No Smoking Gun Yet To Justify Magnitude Of Fed Rate-Cuts
Authored by Simon White, Bloomberg macro strategist,
US data from last week were not enough, from the perspective of the economy, to endorse the amount of rate cuts from the Federal Reserve expected by the market.
Payrolls and the jobs data released last week demonstrated why the market – and the Fed – shouldn’t take it too seriously as a real-time snapshot of the labor market.
On the surface, the data was solid next to expectations, but if you go digging you will always find elements to back up a bullish or bearish case.
A more positive interpretation came from the headline data versus what was expected, while the negative view would point out that government played a big part in the rise of payrolls.
Moreover total downward revisions for 2023 are 443,000 (so far – payrolls is typically revised up to two years after the fact).
Either way, it really is not a good reflection of where the labor market is today. Nonetheless, traders love volatility, so it will continue to have market impact. In that case, it makes sense to pay more attention to the more leading aspects of the employment data.
Temporary help services tends to lead the labor market as employers are more likely to hire and fire these people first. Temp help has been contracting since late 2022 but, as I pointed out on Friday, the drop was largely a function of temp help in medical services, and temp medical services is now stabilizing. Average weekly hours worked, also a leading indicator for the labor market, remained at the stable level it has been at for most of the last year.
Overall, the message from the data is of a jobs market that is slowing, but not at an accelerating rate.
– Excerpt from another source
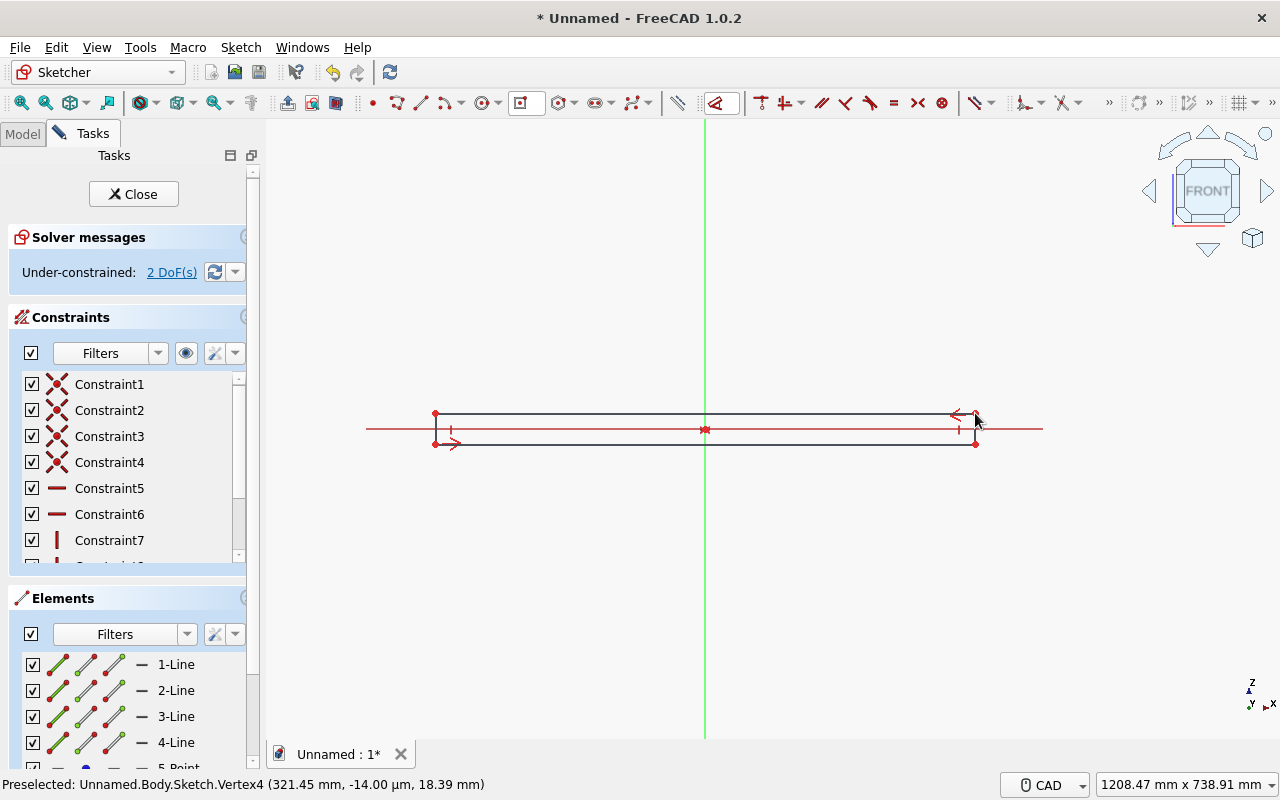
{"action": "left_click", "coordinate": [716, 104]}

That on its own (nor the weaker-than-expected ISM services data on Friday) is not enough to justify the size of the Fed cuts expected by the market (from an economic perspective, however after the bank’s December pivot, there’s good chance its reaction function may have changed).
But higher rates will increasingly bite as the year goes on, increasing the odds of a recession.
As the chart above shows, the US’s peak real rate has been positive from early last year, considerably longer than in Europe and the UK.